Chemotherapy drug treatments can cause neuropathy, or injury to the peripheral nerves. These consist of motor nerves that help with movement and muscle tone and sensory nerves that help with temperature, pain and touch. The symptoms of neuropathy depend on the nerve type that is affected.  

Symptoms of motor nerve damage include muscle weakness, spasms, cramps, and possibly loss of balance and coordination. Sensory nerve damage can result in pain, numbness, tingling (burning, freezing sensation), and extreme sensitivity to touch. 

If peripheral neuropathy goes untreated, it can develop into permanent damage to nerves, tissues and muscles. Proper treatment can help reduce the risk of irreparable damage and other serious consequences. 

Drugs That Cause Neuropathy

Patients that receive vinca alkaloids (anticancer drugs that stop cancer cell growth by inhibiting cell division) are susceptible to develop neuropathy during their treatment. The condition may develop weeks, month or years even after treatments end. The symptoms may wane as the nerves heal.

Some chemotherapy drugs that are known to cause neuropathy are cisplatin, paclitaxel, oxaliplatin, vincristine, thalidomide and bortezomib.
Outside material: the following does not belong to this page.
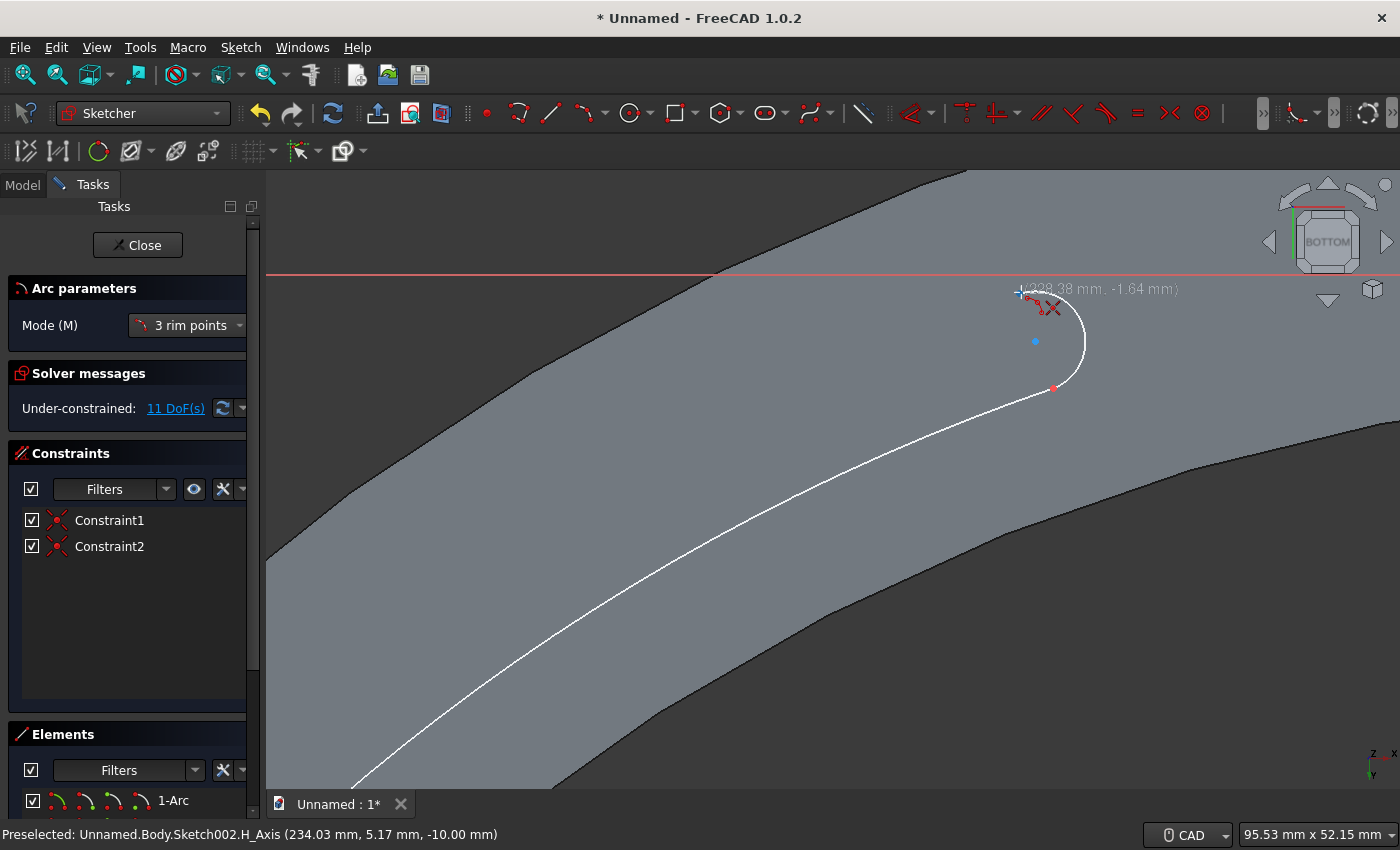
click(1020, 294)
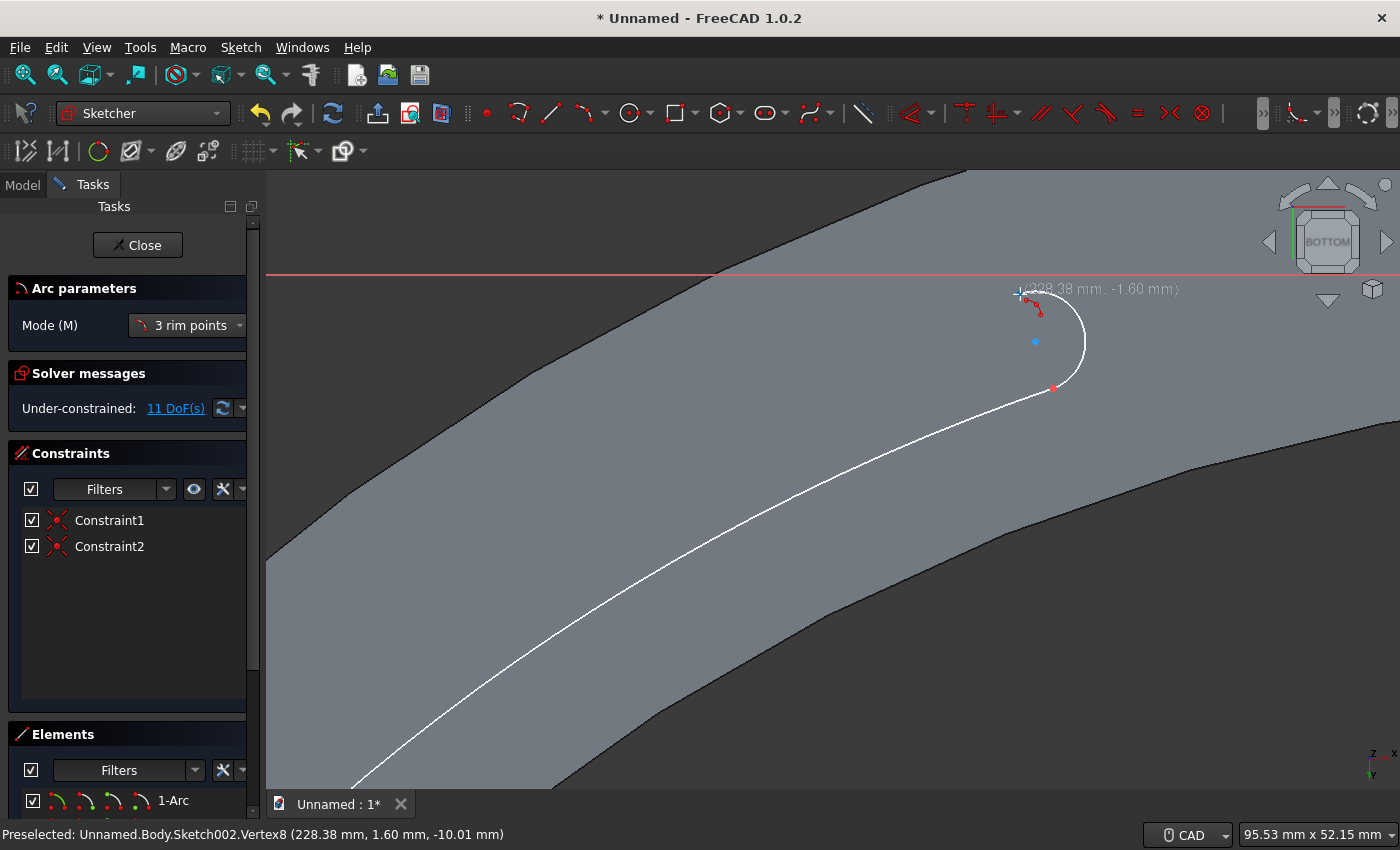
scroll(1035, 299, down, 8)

Patients that are already experience nerve damage by other conditions such as diabetes or excessive alcohol use are more prone to develop chemotherapy drug related neuropathy. 

Drug Treatments for Neuropathy

Physicians are investigating some drugs such as anticonvulsants (used in the treatment of epileptic seizures) and antidepressants to help treat the symptoms of neuropathy.

Doctors have found these drugs helpful in managing the condition even though the Food and Drug Administration has not given approval of these drugs for neuropathy treatment. 

Anticonvulsants such as Neurontin have been administered to patients with the condition. Doctors prescribe a low dose to begin and increase as time goes on to help manage pain.  

Some antidepressants used to manage neuropathy symptoms are nortriptyline and amitriptyline.  

Other Non-Drug Treatments for Neuropathy

Some of the following methods can be used in combination with drug treatment or alone to help manage symptoms of neuropathy: 

– massage 
– herbs 
– acupuncture 
– physical therapy to help strengthen muscles 
– occupational therapy to help with assistance of daily tasks 

Another technique is to use transcutaneous electrical nerve stimulation (TENS) to help stop pain signals from going to the brain by using painless electrical impulses by placing electrodes on the skin. TENS seems to be more effective with acute pain and less effective with chronic pain.